= Data items =
------------------------------------------------------------
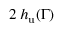<formula> <loc_0><loc_0><loc_500><loc_500>2 \, h _ { u } ( \Gamma )</formula> 
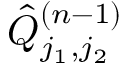Convert formula to latex. <formula><loc_0><loc_0><loc_500><loc_500>\hat { Q } _ { j _ { 1 } , j _ { 2 } } ^ { ( n - 1 ) }</formula> 
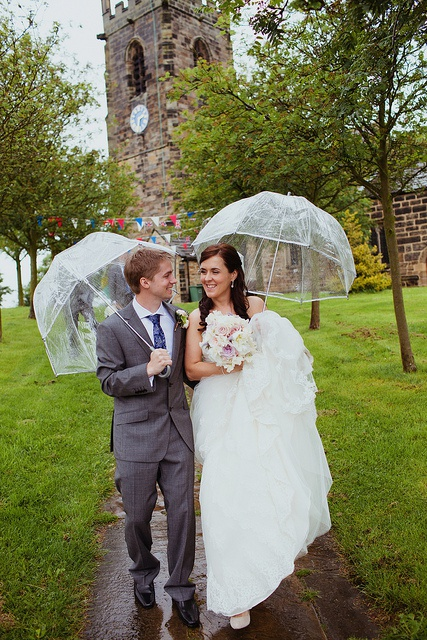Describe the objects in this image and their specific colors. I can see people in lavender, lightgray, darkgray, black, and tan tones, people in lavender, gray, and black tones, umbrella in lavender, lightgray, darkgray, gray, and olive tones, clock in lavender, lightgray, lightblue, and darkgray tones, and tie in lavender, blue, navy, black, and purple tones in this image. 
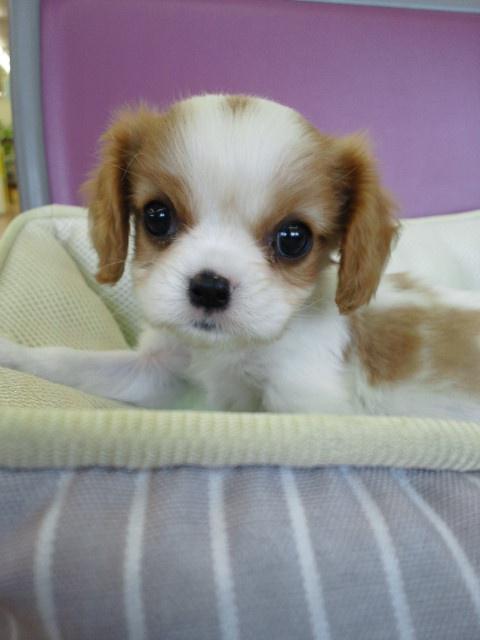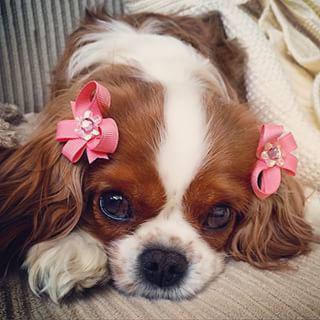The first image is the image on the left, the second image is the image on the right. Considering the images on both sides, is "One image shows a spaniel puppy inside a soft-sided pet bed, with its head upright instead of draped over the edge." valid? Answer yes or no. Yes. The first image is the image on the left, the second image is the image on the right. For the images displayed, is the sentence "The dog in the image on the right is lying down." factually correct? Answer yes or no. Yes. 
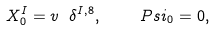<formula> <loc_0><loc_0><loc_500><loc_500>X _ { 0 } ^ { I } = v \ \delta ^ { I , 8 } , \ \quad P s i _ { 0 } = 0 ,</formula>
------------------------------------------------------------
= Description of the task =
All of the lines above should be retyped precisely, apart from the pictures.

= Response to the task =
<formula> <loc_0><loc_0><loc_500><loc_500>2 \, h _ { u } ( \Gamma )</formula> 
Convert formula to latex. <formula><loc_0><loc_0><loc_500><loc_500>\hat { Q } _ { j _ { 1 } , j _ { 2 } } ^ { ( n - 1 ) }</formula> 
Describe the objects in this image and their specific colors. I can see people in lavender, lightgray, darkgray, black, and tan tones, people in lavender, gray, and black tones, umbrella in lavender, lightgray, darkgray, gray, and olive tones, clock in lavender, lightgray, lightblue, and darkgray tones, and tie in lavender, blue, navy, black, and purple tones in this image. 
The first image is the image on the left, the second image is the image on the right. Considering the images on both sides, is "One image shows a spaniel puppy inside a soft-sided pet bed, with its head upright instead of draped over the edge." valid? Answer yes or no. Yes. The first image is the image on the left, the second image is the image on the right. For the images displayed, is the sentence "The dog in the image on the right is lying down." factually correct? Answer yes or no. Yes. 
<formula> <loc_0><loc_0><loc_500><loc_500>X _ { 0 } ^ { I } = v \ \delta ^ { I , 8 } , \ \quad P s i _ { 0 } = 0 ,</formula>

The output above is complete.